In fact, that's not really that I don't like coding them, but do a simple goomba, for example, and you'll need a way to know whether there's a hole in front of it, so that it can stop before falling, and it can be a nightmare to implement those tests.
Why would you do that? said:
but unfortunately, doing pixel art for an NES (which has very limited colors... 4 colors per 8x8 square, 32 total on screen, only 56 or so total to choose from) isn't as easy
Indeed. That's the reason I'm going 16bits, in fact, I don't want to be too limited by colors. I'll try to limit the number of colors I use as much as I can, but I won't spend time to count them for each screen. Besides, I don't want to spend half an hour thinking if I should trade a blue color in palette for a red one, and redo six hundred sprites to remove the blue in them.

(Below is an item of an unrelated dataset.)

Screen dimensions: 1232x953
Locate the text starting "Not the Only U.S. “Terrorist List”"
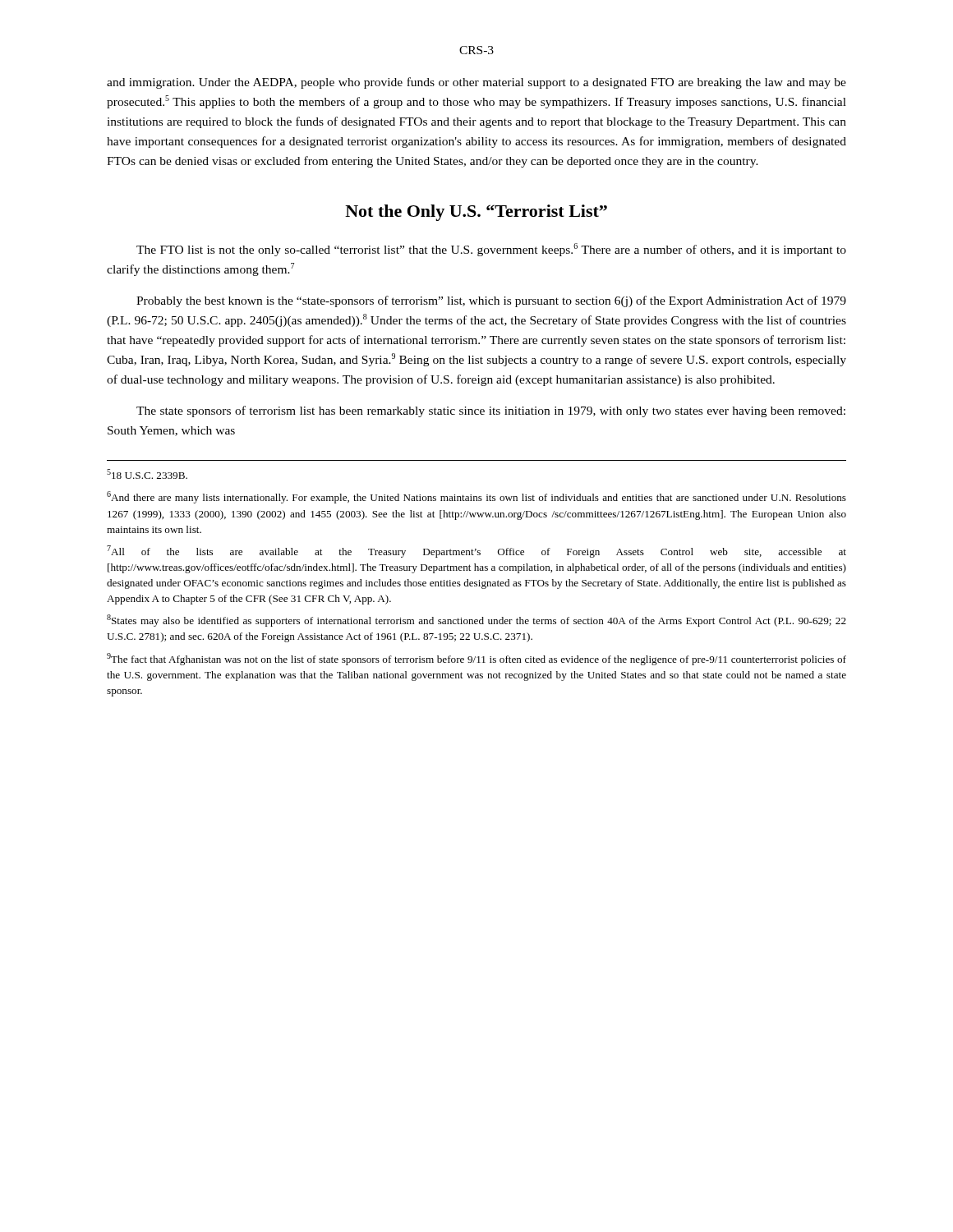476,211

I think music will come last, especially since I don't have much experience in mixing music and sound effects using SDL_Mixer. I can usually compose correctly, but I'm a bad arranger, and cheap tunes will be a challenge.
Why would you do that? said:
Learning 1 language a year is actually a really good idea. It isn't something I really enjoy doing, because 1, I love familiarity, 2, I am somewhat afraid to touch object oriented programming, and 3, I feel like I'd need to find a good graphics library in order to get anything out of it...
1) Me too, that's the reason why I'm reluctant to use anything else than C/C++ most of the time (I'm going more and more towards D, though, which I prefer), with some pieces of OCaml sometimes. Even if I can write programs in probably 50+languages now, and some of them being theorically better for some usages. Since I'm mostly coding for fun, now, I use what I prefer. I only try new languages as a challenge, but I don't use most of them on a regular basis.
2) It took me much time to go object oriented (I learn programming back in 85, when I was 7, and haven't had access to something else than basic/pascal/C/assembly for twelve years, so it's difficult to changes your habits), but I'm getting better at it, and it has its merits... you have to take the jump one day, but it's rewarding (I'm more at ease with languages that exhibits OO mechanisms, like C++, D, Objective Caml, Lua or Java, than pure OO-languages like Smalltalk or Ruby, though).
3) Again, since I usually don't conduct large projects in many languages, I don't really care for a graphical output. Should I decide to use another language for the logic (such as OCaml), I still use C/C++ for the graphical engine most of the time. The fact that you can mix languages in a program is truly useful. Besides, most of the time, I use for graphics either vanilla OpenGL (which has bindings for many things) or vanilla SDL (which also can be used with various languages, including Ada, C, C++, C#, D, Eiffel, Erlang, Haskell, Java, Lisp, Lua, Objective Caml, Objective C, Pascal, Perl, PHP, Python, Ruby, Smalltalk and others, which is far more than I need... I won't write a full-fledge game in Brainfuck, LT or Whitespace!). And FLTK as a toolkit for anything not game-related.
I have not experiment Game Maker yet, even if I've said for years now that I should at least look at it.